Chlorophyll language is a language for spatial computation. It is a subset of C with partition annotation for pinning data and computation onto computing units (multiple cores). Chlorophyll compiler is a prototype of a synthesis-aided compiler. It is built for GreenArrays 144.

Please refer to Chlorophyll: Synthesis-Aided Compiler for Low-Power Spatial Architectures (PLDI'14) for more details on the concept of the synthesis-aided compiler and the compilation strategies used in Chlorophyll.

Note: Chlorophyll compiler has only been tested on Linux OS, so it might be incompatible with other operating systems. Please report bugs to mangpo@eecs.berkeley.edu.

Setting Up

Requirements

raco planet link mangpo aforth-optimizer.plt 1 0 path/to/F18A_superoptimizer/repo

Installation

After setting up all the requirements, run

make

First Program

Let compile a simple addition program (examples/simple/hello.cll).

void main() {
  int@0 a;
  int@1 b;
  int@2 c;
  a = 1; 
  b = 2
  c = a +@2 b;
}

This program simply adds 1 and 2, and stores the result in variable c. "@" is an annotation for pinning data and computation onto logical cores, which are mapped to physical cores later by the compiler.

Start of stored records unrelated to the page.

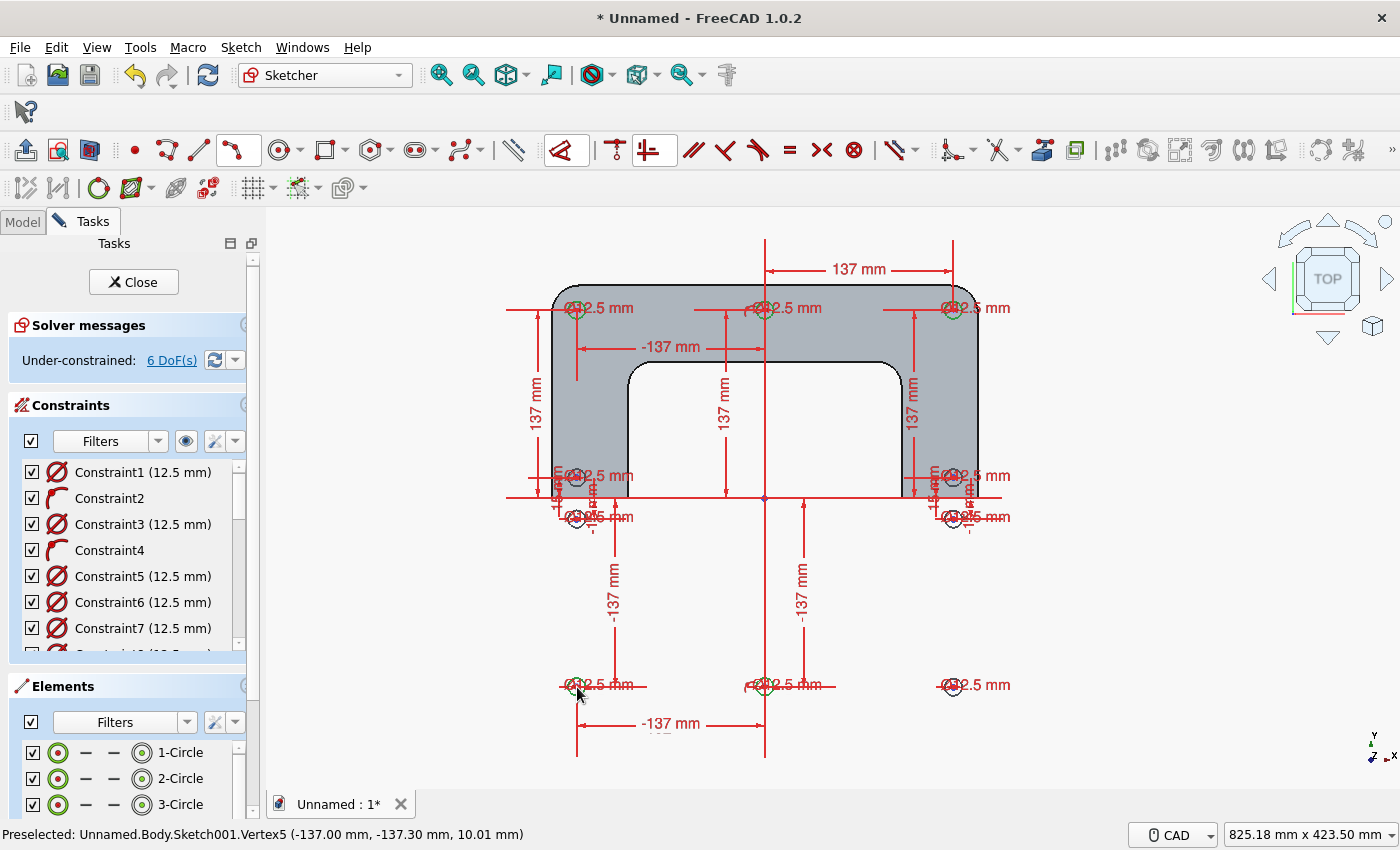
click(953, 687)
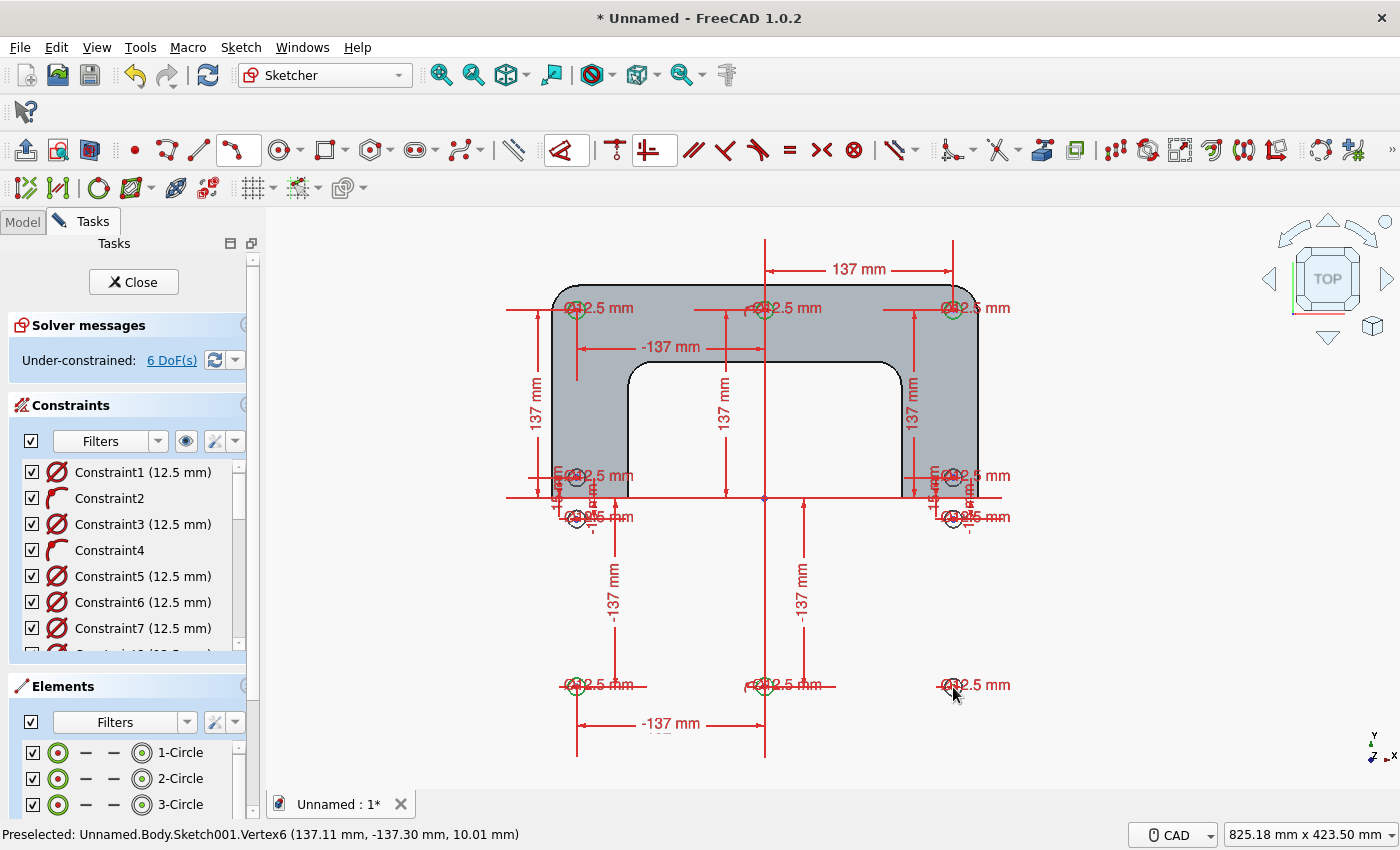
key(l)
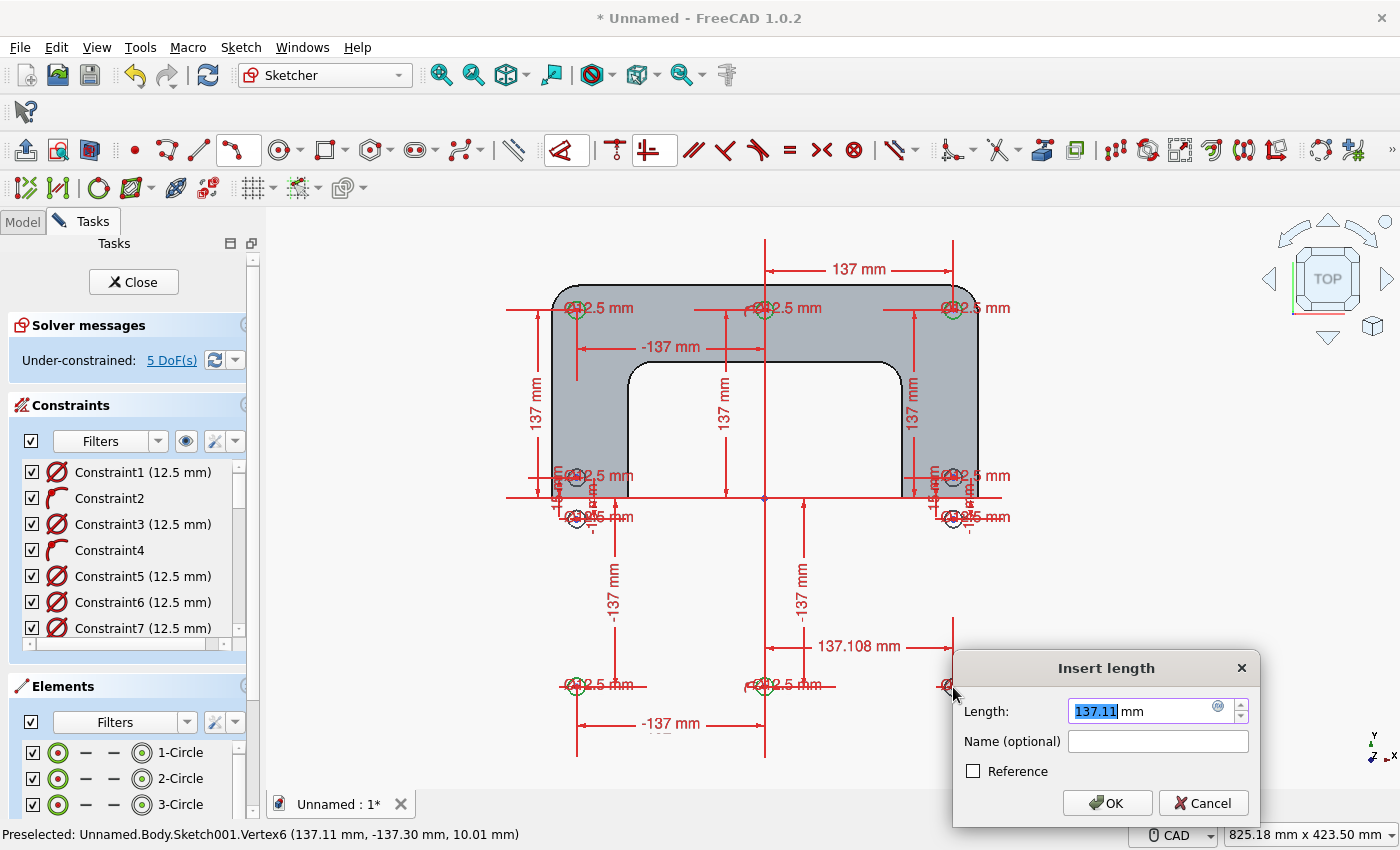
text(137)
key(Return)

In this example, we assign variable a, b, and c to different cores, and specify that the addition happens at where c is. Thus, logical core 0 and 1 send value of a and b to logical core 2 respectively.

Compile

./src/chlorophyll examples/simple/hello.cll

The compiler will generate directory examples/simple/output-hello, in which contains many files. If everything goes well, you should see the final arrayForth program generated by the compiler, examples/simple/output-hello/hello-noopt2.aforth.

Compile -o

Compile with -o to turn the superoptimizer (optimizing back-end code generator) on. Note that the compiler is much slower when compiling with -o, but the output program is more efficient. The superoptimizer caches its outputs, so if you have already compiled a program with -o, the subsequent compilation of the same program will be fast. The final optimized arrayForth program is examples/simple/output-hello/hello.aforth.

The compiler invokes multiple superoptimizers to optimize code of multiple GA nodes in parallel. The default number of threads used is 4. To change the number of threads, in src/header.rkt, modify the following line:

(define procs 4)

Only compiling with -o when you are certain that your program is correct.

Other Compiler Options

The default number of rows of nodes is 2, and the default number of columns of nodes is 3. Modify the number of rows and columns using -r and -c options. --heu-partition uses a heuristic partitioner (greedy algorithm) instead of the default synthesizing partitioner. Note that the heuristic partitioner is much faster than the synthesizing partitioner, but the output partitioning from the heuristic partitioner is less optimal.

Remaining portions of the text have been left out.